The two regulators, in talks with lawmakers late today, sought support for a plan to help financial institutions remove from their balance sheets illiquid mortgage-related assets at the root of the yearlong credit crisis. Congressional leaders said they intend to work to pass such legislation within days.
``Absolutely, this is good news,'' said Marilyn Cohen, who manages $185 million in bonds as president and chief executive of Envision Capital Management in Los Angeles. ``It will be like New Year's Eve for the market tomorrow morning. Hopefully, this will give the trading desks the confidence to start making markets again.''
The Treasury and Fed chiefs, after months of trying to aid failing financial companies case by case, seek to prevent a credit crunch that has led to $518 billion in global losses and writedowns from spreading through the U.S. economy.
``What we are working on now is an approach to deal with the systemic risk and the stresses in our capital markets,'' Paulson told reporters after the meeting. ``We talked about a comprehensive approach that will require legislation to deal with illiquid assets on financial institutions in the United States on their balance sheet.''
An increasing number of lawmakers are advocating a stronger response to the crisis sparked by record homeowner defaults. The turmoil swept Lehman Brothers Holdings Inc. into bankruptcy three days ago and prompted government takeovers of Fannie Mae, Freddie Mac and American International Group Inc. this month.
``I'm hopeful that in the coming days we'll have a proposal that will pass this Congress,'' House Minority Leader John Boehner told reporters.
Paulson, Bernanke and Securities and Exchange Commission Chairman Christopher Cox ``asked us would we agree to do legislation that would create the authority within the federal government somewhere to buy up these illiquid assets,'' said Representative Barney Frank, chairman of the House Financial Services Committee ``We said `yes,' we think that's important to do because the consequences of not doing it are so bad.''
The Fed's takeover of AIG followed its March agreement to take on $29 billion of Bear Stearns Cos. assets to secure the company's takeover by JPMorgan Chase & Co.
`Insulate Main Street
House Speaker Nancy Pelosi said it was a ``very productive'' meeting on an ``initiative to help resolve the financial crisis in our country.''
The goal of the proposal is to help ``insulate Main Street from Wall Street,'' she said, adding she was ``very eager'' to see the Treasury-Fed proposal.

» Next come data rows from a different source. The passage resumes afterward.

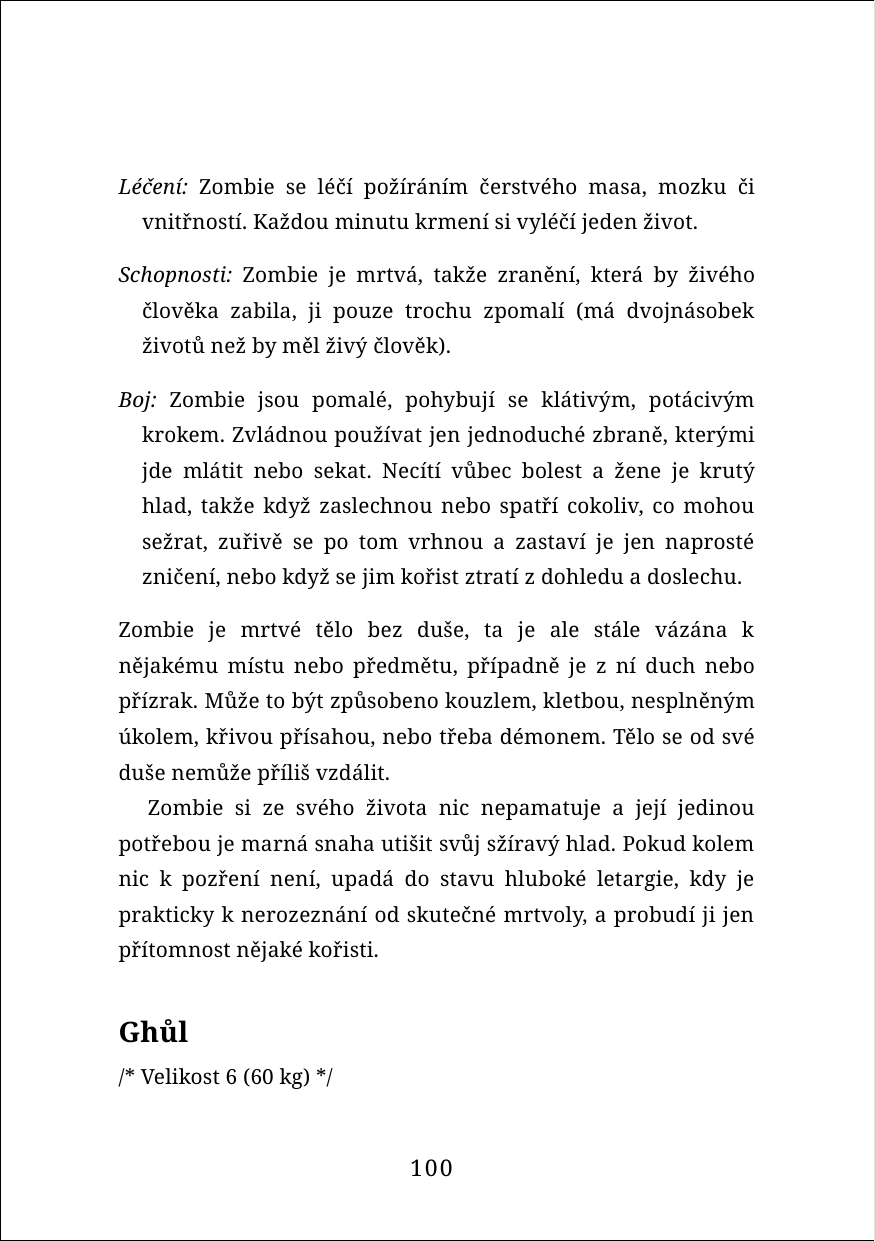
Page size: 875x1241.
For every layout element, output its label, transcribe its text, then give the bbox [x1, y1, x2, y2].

text Léčení: Zombie se léčí požíráním čerstvého masa, mozku či vnitřností. Každou minutu krmení si vyléčí jeden život. [118, 172, 756, 236]
text Schopnosti: Zombie je mrtvá, takže zranění, která by živého člověka zabila, ji pouze trochu zpomalí (má dvojnásobek životů než by měl živý člověk). [118, 261, 756, 360]
subtitle Ghůl [118, 1012, 756, 1051]
text /* Velikost 6 (60 kg) */ [118, 1062, 756, 1091]
text Zombie je mrtvé tělo bez duše, ta je ale stále vázána k nějakému místu nebo předmětu, případně je z ní duch nebo přízrak. Může to být způsobeno kouzlem, kletbou, nesplněným úkolem, křivou přísahou, nebo třeba démonem. Tělo se od své duše nemůže příliš vzdálit. Zombie si ze svého života nic nepamatuje a její jedinou potřebou je marná snaha utišit svůj sžíravý hlad. Pokud kolem nic k pozření není, upadá do stavu hluboké letargie, kdy je prakticky k nerozeznání od skutečné mrtvoly, a probudí ji jen přítomnost nějaké kořisti. [118, 616, 756, 964]
text Boj: Zombie jsou pomalé, pohybují se klátivým, potácivým krokem. Zvládnou používat jen jednoduché zbraně, kterými jde mlátit nebo sekat. Necítí vůbec bolest a žene je krutý hlad, takže když zaslechnou nebo spatří cokoliv, co mohou sežrat, zuřivě se po tom vrhnou a zastaví je jen naprosté zničení, nebo když se jim kořist ztratí z dohledu a doslechu. [118, 385, 756, 591]
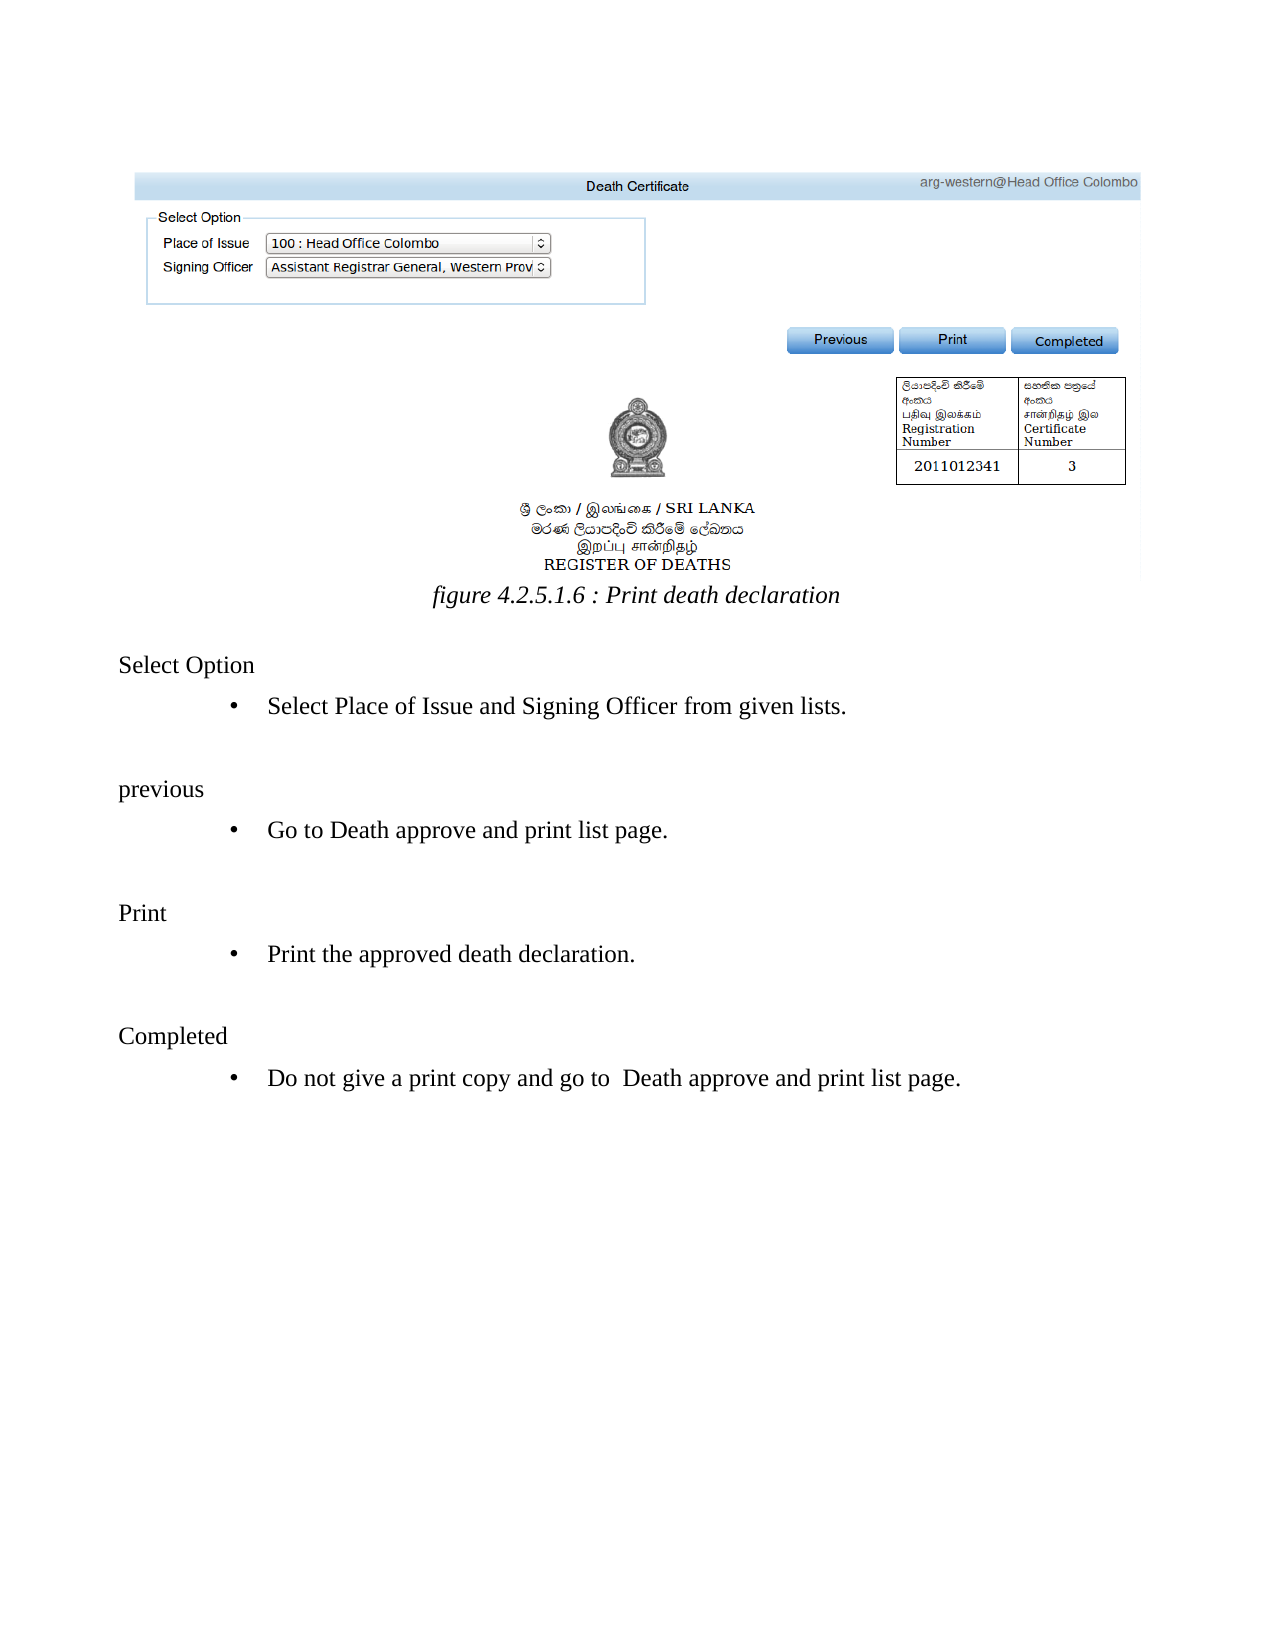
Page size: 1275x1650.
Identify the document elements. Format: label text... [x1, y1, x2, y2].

text previous [118, 774, 1157, 803]
list Select Place of Issue and Signing Officer from given lists. [229, 691, 1157, 720]
list Do not give a print copy and go to Death approve and print list page. [229, 1063, 1157, 1091]
text Completed [118, 1021, 1157, 1050]
picture [134, 172, 1141, 581]
list Print the approved death declaration. [229, 939, 1157, 968]
text Print [118, 898, 1157, 926]
text figure 4.2.5.1.6 : Print death declaration [134, 581, 1141, 609]
text Select Option [118, 650, 1157, 679]
list Go to Death approve and print list page. [229, 815, 1157, 844]
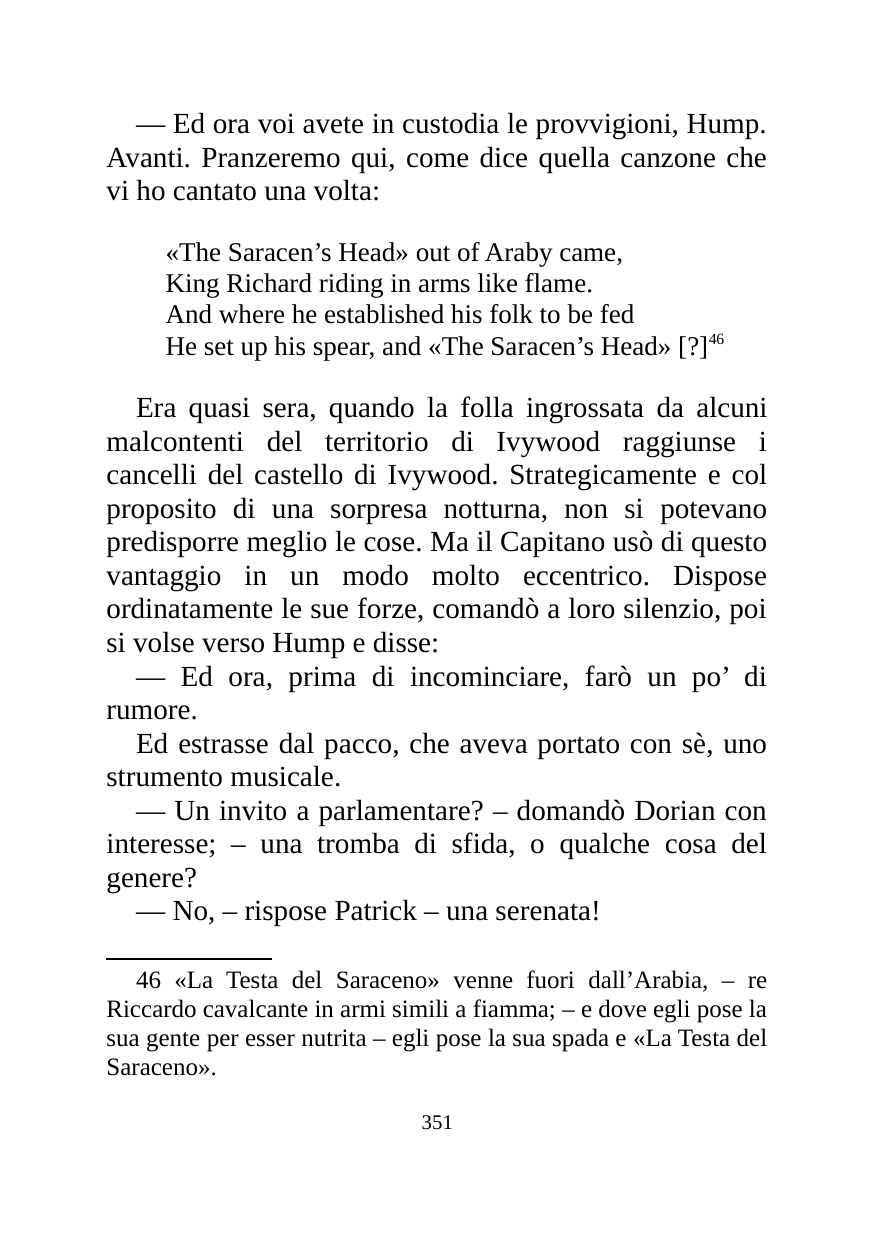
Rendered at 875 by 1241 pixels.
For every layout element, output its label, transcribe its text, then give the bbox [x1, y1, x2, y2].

text — Un invito a parlamentare? – domandò Dorian con interesse; – una tromba di sfida, o qualche cosa del genere? [106, 793, 768, 893]
text «La Testa del Saraceno» venne fuori dall’Arabia, – re Riccardo cavalcante in armi simili a fiamma; – e dove egli pose la sua gente per esser nutrita – egli pose la sua spada e «La Testa del Saraceno». [106, 965, 768, 1080]
text Era quasi sera, quando la folla ingrossata da alcuni malcontenti del territorio di Ivywood raggiunse i cancelli del castello di Ivywood. Strategicamente e col proposito di una sorpresa notturna, non si potevano predisporre meglio le cose. Ma il Capitano usò di questo vantaggio in un modo molto eccentrico. Dispose ordinatamente le sue forze, comandò a loro silenzio, poi si volse verso Hump e disse: [106, 390, 768, 659]
text «The Saracen’s Head» out of Araby came, King Richard riding in arms like flame. And where he established his folk to be fed He set up his spear, and «The Saracen’s Head» [?] [165, 236, 768, 361]
text — No, – rispose Patrick – una serenata! [106, 893, 768, 927]
text — Ed ora voi avete in custodia le provvigioni, Hump. Avanti. Pranzeremo qui, come dice quella canzone che vi ho cantato una volta: [106, 106, 768, 207]
text Ed estrasse dal pacco, che aveva portato con sè, uno strumento musicale. [106, 726, 768, 793]
text — Ed ora, prima di incominciare, farò un po’ di rumore. [106, 659, 768, 726]

Senate Majority Leader Harry Reid, the Nevada Democrat, said the plan would come within ``hours,'' not days. ``We have all committed to work with them on their proposal,'' Reid said.
``I thank the congressional leadership for a very, very positive meeting,'' Bernanke told reporters after the meeting. ``We look forward to working closely with Congress to resolve this financial crisis and get our economy moving again.''
Citigroup Inc., JPMorgan Chase Co., Bank of America Corp., Goldman Sachs Group Inc., Merrill Lynch & Co. and Lehman Brothers Holdings Inc. alone had more than $500 billion as of June 30 of so-called Level 3 assets, or ones whose values they say can only be determined through internal models because of illiquid markets, according to data in a Sept. 15 report from New York- based bond research firm CreditSights Inc.
Senator Christopher Dodd, who chairs the Senate Banking Committee, said it was a ``sober'' gathering. The plan would likely come from the Treasury and Fed this weekend and ``nothing is more important than this,'' Dodd said.